When we first began dreaming about possible campervan floor plan designs, we knew absolutely nothing at all. Only that we wanted to fit in a bed and a kitchen. But no specifics.
So we did what many others do; we watched lots (and lots!) of van build tours on YouTube. And we quickly discovered that there were so many different campervan floor plan options and layouts that were wildly more complex than we originally thought.
No two videos we watched had exactly the same floor plans. Every campervan had its own unique designs based on what the builders themselves thought was important for their own van life journey.

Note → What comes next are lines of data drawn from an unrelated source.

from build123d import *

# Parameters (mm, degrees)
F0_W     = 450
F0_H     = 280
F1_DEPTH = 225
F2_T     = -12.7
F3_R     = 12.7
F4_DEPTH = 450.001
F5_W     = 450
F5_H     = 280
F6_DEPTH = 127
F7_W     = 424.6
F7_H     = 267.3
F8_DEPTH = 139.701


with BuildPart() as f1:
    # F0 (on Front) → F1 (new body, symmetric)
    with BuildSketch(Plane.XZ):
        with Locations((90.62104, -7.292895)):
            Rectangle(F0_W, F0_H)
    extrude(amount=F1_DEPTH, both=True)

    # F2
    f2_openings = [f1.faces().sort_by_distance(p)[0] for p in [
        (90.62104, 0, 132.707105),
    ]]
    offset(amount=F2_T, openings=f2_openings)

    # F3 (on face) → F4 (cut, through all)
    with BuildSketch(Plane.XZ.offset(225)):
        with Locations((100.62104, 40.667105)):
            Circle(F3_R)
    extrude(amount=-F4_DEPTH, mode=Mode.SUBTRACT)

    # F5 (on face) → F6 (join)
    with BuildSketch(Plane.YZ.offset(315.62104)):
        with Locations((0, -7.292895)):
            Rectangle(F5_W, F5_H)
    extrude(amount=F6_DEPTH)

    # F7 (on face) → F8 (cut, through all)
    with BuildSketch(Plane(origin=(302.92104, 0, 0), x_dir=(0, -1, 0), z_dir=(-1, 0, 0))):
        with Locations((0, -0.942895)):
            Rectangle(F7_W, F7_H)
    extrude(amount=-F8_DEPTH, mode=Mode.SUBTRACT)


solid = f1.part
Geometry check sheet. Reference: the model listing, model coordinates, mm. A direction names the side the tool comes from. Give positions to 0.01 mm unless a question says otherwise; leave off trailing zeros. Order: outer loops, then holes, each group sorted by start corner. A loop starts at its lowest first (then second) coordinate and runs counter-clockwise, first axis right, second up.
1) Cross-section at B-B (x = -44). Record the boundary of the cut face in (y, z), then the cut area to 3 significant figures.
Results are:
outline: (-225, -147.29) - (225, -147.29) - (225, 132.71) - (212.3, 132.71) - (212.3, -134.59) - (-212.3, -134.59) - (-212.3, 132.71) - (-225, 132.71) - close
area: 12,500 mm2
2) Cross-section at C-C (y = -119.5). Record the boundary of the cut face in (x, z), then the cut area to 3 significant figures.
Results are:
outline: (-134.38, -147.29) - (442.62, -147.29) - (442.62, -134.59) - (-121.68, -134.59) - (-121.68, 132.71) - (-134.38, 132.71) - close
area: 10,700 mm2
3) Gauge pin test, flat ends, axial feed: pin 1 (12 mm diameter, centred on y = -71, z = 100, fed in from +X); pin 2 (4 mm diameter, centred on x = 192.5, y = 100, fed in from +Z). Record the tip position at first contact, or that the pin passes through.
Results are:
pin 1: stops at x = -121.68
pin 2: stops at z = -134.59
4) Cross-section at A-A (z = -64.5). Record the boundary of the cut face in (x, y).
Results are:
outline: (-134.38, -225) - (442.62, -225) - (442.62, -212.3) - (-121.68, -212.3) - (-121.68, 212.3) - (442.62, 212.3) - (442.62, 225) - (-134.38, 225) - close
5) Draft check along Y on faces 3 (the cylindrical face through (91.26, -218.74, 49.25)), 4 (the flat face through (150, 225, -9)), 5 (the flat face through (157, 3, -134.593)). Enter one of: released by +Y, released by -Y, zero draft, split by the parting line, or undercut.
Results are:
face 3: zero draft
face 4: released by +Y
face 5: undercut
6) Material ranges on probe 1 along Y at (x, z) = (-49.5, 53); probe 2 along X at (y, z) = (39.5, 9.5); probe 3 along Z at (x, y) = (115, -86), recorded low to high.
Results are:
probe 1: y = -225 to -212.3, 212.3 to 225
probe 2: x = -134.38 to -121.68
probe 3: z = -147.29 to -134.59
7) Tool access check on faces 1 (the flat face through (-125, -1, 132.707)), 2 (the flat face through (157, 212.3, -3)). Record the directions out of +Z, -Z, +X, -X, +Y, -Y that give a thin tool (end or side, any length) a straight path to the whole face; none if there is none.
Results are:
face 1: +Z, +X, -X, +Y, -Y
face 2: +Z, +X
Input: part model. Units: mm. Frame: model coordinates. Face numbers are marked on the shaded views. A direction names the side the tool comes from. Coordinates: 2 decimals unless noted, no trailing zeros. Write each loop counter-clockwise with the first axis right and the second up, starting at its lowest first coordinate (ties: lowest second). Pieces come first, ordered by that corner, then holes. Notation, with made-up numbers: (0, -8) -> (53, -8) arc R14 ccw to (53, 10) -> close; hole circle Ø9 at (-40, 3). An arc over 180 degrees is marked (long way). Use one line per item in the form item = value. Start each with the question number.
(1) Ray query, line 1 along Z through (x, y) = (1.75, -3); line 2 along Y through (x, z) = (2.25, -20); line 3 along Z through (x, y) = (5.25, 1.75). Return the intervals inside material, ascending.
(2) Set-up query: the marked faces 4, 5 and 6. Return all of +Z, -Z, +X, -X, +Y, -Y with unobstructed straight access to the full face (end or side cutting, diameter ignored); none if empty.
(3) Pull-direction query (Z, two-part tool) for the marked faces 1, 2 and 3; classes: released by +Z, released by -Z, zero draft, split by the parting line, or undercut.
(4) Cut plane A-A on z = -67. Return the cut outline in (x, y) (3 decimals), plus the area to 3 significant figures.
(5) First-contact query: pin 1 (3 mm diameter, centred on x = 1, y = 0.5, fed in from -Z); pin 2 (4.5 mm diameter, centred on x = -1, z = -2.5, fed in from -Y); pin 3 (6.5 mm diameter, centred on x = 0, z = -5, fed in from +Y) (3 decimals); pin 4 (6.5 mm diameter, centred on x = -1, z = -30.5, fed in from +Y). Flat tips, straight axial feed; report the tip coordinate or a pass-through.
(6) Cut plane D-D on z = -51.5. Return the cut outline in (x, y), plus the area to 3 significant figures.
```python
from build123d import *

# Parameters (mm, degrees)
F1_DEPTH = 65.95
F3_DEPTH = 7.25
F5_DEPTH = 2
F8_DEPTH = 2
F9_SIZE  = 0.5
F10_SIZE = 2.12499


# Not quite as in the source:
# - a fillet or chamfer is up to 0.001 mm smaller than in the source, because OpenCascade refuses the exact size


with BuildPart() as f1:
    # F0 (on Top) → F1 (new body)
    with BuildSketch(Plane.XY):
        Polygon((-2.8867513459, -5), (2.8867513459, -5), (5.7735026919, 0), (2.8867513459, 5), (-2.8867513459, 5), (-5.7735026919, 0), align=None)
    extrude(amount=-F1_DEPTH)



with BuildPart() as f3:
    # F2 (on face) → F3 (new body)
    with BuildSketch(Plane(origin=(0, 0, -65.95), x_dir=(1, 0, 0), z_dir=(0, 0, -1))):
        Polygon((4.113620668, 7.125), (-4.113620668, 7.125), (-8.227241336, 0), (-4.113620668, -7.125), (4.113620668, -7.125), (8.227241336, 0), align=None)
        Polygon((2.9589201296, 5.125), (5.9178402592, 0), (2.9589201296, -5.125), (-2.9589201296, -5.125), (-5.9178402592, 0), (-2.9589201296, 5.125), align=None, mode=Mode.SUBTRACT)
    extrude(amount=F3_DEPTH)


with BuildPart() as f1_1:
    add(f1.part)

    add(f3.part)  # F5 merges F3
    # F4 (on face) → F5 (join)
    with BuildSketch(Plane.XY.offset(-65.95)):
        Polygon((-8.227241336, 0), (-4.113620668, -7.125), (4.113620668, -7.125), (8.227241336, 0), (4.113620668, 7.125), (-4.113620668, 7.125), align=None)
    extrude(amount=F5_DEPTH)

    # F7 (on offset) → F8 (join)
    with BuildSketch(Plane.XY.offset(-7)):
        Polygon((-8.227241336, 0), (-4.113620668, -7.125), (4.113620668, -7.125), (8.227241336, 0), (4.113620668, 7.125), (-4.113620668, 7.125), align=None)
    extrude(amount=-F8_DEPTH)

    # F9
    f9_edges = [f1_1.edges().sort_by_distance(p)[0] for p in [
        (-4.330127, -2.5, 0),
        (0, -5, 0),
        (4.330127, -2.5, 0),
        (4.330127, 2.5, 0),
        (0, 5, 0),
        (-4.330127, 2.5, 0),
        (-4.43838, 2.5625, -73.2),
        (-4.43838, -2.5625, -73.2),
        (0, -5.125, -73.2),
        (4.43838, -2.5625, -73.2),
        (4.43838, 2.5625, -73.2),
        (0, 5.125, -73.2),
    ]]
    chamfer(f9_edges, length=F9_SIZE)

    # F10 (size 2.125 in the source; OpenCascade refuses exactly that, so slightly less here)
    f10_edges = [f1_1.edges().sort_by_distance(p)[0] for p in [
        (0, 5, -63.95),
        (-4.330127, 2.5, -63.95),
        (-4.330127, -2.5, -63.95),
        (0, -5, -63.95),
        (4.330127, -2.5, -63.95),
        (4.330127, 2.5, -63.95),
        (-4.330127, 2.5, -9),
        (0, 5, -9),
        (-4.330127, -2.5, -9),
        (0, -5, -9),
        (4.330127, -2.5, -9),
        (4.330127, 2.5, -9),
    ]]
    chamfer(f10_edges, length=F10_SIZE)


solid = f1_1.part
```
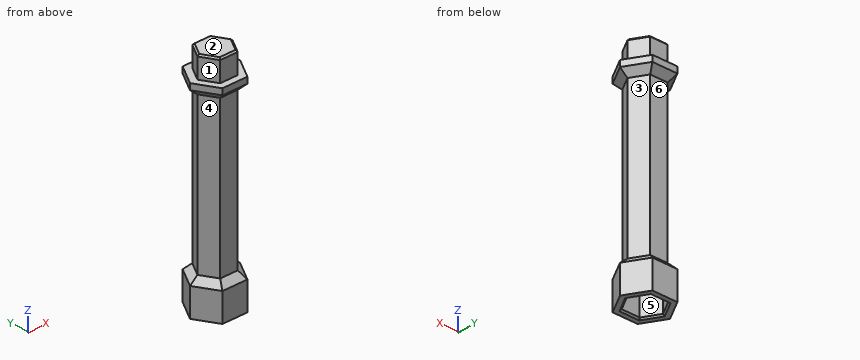
Values:
q1.line_1 = -65.95 to 0
q1.line_2 = -5 to 5
q1.line_3 = -73 to -62.25, -10.7 to -7
q2.face_4 = -X, -Y
q2.face_5 = -Z
q2.face_6 = +X, -X, +Y
q3.face_1 = zero draft
q3.face_2 = released by +Z
q3.face_3 = undercut
q4.outline = (-8.227, 0) -> (-4.114, -7.125) -> (4.114, -7.125) -> (8.227, 0) -> (4.114, 7.125) -> (-4.114, 7.125) -> close; hole (-5.918, 0) -> (-2.959, -5.125) -> (2.959, -5.125) -> (5.918, 0) -> (2.959, 5.125) -> (-2.959, 5.125) -> close
q4.area = 84.9 mm2
q5.pin_1 = -65.95
q5.pin_2 = -5
q5.pin_3 = 7.125
q5.pin_4 = 5
q6.outline = (-5.77, 0) -> (-2.89, -5) -> (2.89, -5) -> (5.77, 0) -> (2.89, 5) -> (-2.89, 5) -> close
q6.area = 86.6 mm2
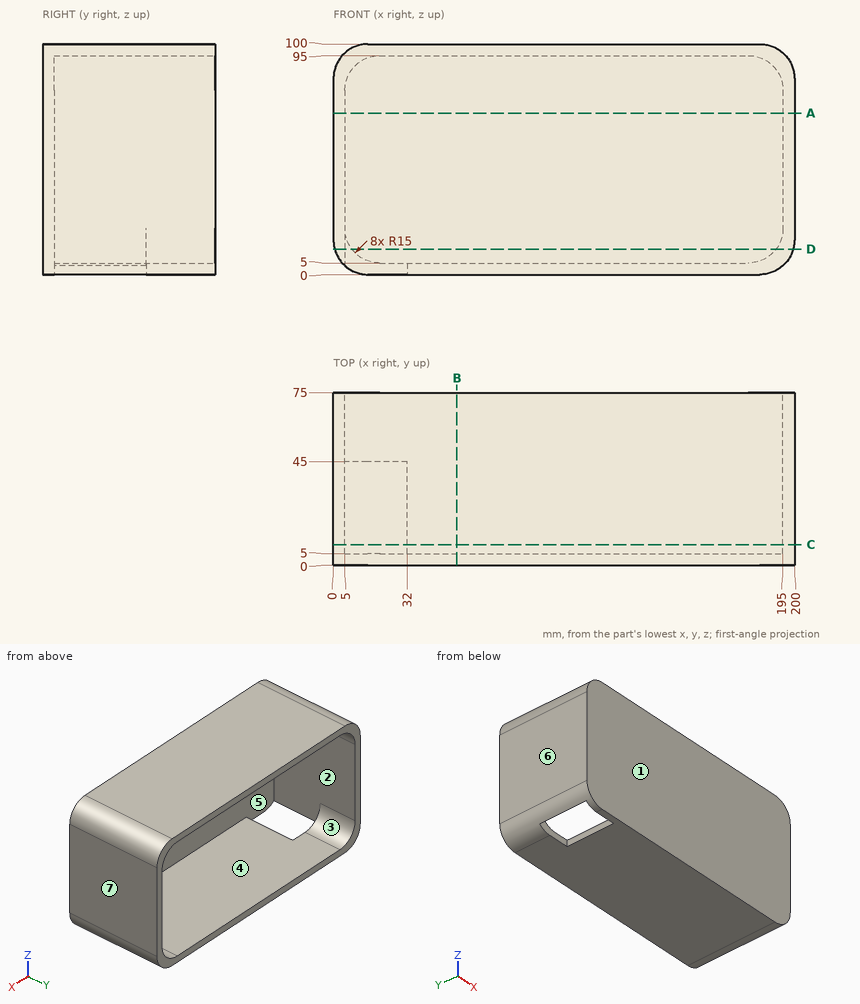
Geometry: see drawing. Coordinates: mm, zero at the bounding-box minimum. A direction names the side the tool comes from. Give positions to 0.01 mm unless a question says otherwise; leave off trailing zeros. Loops run counter-clockwise (first coordinate to the right, second up) from the corner with the lowest first, then second, coordinate; pieces in that order, holes last. Notation, with made-up numbers: (12, 85.5) - (52, 85.5) arc R12 ccw to (52, 108.5) - close; hole circle Ø2 at (-5, 12). An arc over 180 degrees is marked (long way). Answer as CSV lines item,"result". Start each with the question number.
1. Pin query (flat end, axial travel): P1, Ø6, axis at x = 160, z = 43.5, coming from the +Y side; P2, Ø4, axis at y = 15, z = 3, coming from the -X side. Return the tip coordinate at first contact, or that it passes through.
2. Section C-C, the plane y = 9. Return loops of the section in (x, z), plus the area to 3 significant figures.
3. Reachability of the marked faces 1, 2 and 3 from +Z, -Z, +X, -X, +Y, -Y: full face, straight path, thin tool, end or side. Return the list, or none.
4. Ray query, L1, parallel to Z at x = 90, y = 6.5; L2, parallel to X at y = 33.5, z = 31.5; L3, parallel to Y at x = 162.5, z = 6.5. Return the intervals inside material, ascending.
5. Section A-A, the plane z = 70. Return loops of the section in (x, y).
6. Section B-B, the plane x = 53.5. Return loops of the section in (y, z).
7. Section D-D, the plane z = 11. Return loops of the section in (x, y), plus the area to 3 significant figures.
8. Draft query along X for the marked faces 4, 5, 6 and 7. Return one class per face: released by +X, released by -X, zero draft, split by the parting line, or undercut.
Answers:
1,P1,"stops at y = 5"
1,P2,"stops at x = 3.82"
2,outline,"(0, 15) arc R15 ccw to (5, 3.82) - (5, 80) arc R15 cw to (20, 95) - (180, 95) arc R15 cw to (195, 80) - (195, 20) arc R15 cw to (180, 5) - (32, 5) - (32, 0) - (185, 0) arc R15 ccw to (200, 15) - (200, 85) arc R15 ccw to (185, 100) - (15, 100) arc R15 ccw to (0, 85) - close"
2,area,"2,730 mm2"
3,face 1,"+Z, -Z, +X, -X, -Y"
3,face 2,"none"
3,face 3,"+Y"
4,L1,"z = 0 to 5, 95 to 100"
4,L2,"x = 0 to 5, 195 to 200"
4,L3,"y = 0 to 5"
5,outline,"(0, 0) - (200, 0) - (200, 75) - (195, 75) - (195, 5) - (5, 5) - (5, 75) - (0, 75) - close"
6,outline,"(0, 0) - (75, 0) - (75, 5) - (5, 5) - (5, 95) - (75, 95) - (75, 100) - (0, 100) - close"
7,outline,"(0.54, 0) - (199.46, 0) - (199.46, 75) - (192, 75) - (192, 5) - (5, 5) - (5, 45) - (8, 45) - (8, 75) - (0.54, 75) - close"
7,area,"1,920 mm2"
8,face 4,"undercut"
8,face 5,"undercut"
8,face 6,"released by -X"
8,face 7,"released by +X"

The more van life videos you watch, the more you’ll see what you like (and want in your own van), and what you don’t like.
Take Floor Plan Notes While You Watch
As you watch these van tour videos, make notes about what you like.
Perhaps you like the way a camper van’s pull-out bed feature works. Or the style of the upper cabinets. Maybe you realized someone has the perfect camper van sink and/or RV faucet that you want as well.
And by the time you’re ready to start designing your own campervan floor plan and interior layout, you should have a good list of things want to have in your own van build.
Read More: The Perfect Sink For Your Campervan Kitchen
Select Your Vehicle First
Deciding what vehicle you’ll be driving will have a big influence on your overall campervan floor plan design.
Once you have the length, width, and height dimensions of your van, you can begin properly desining your dream campervan layout.
There so many questions to answer that it can be difficult to select the best vehicle that fits your needs.
To learn more, head over to our article with advice on how to choose the right vehicle for your van life adventure.
After some back and forth, we decided to purchase a Ford Transit commercial van for our campervan conversion. Long story short, we absolutely love our Ford Transit and wouldn’t change if given the option.
Learn More: Why We Love Our Ford Transit Conversion Van
Prioritize your Conversion Van Needs
In such a limited space as in a campervan, we can’t have everything we want in life. We all have to decide what is essential for us and what we can compromise on.
Below is a list of questions we thought about when designing our van layout. We ranked these criteria in descending order of importance, with the most important being first.
Is The Physical Size Of Your Camper Van Important?
Clearly the bigger your van, the more flexibility you have with your campervan floor plan design.
However, we prioritized having a compact van. We knew we wanted to spend considerable time in urban areas, driving and parking in tight spaces, and didn’t want to stand out too much when driving in developing countries during our drive down the Pan-American Highway to Argentina.
Therefore, we wanted a van no more than 20ft (6m) long.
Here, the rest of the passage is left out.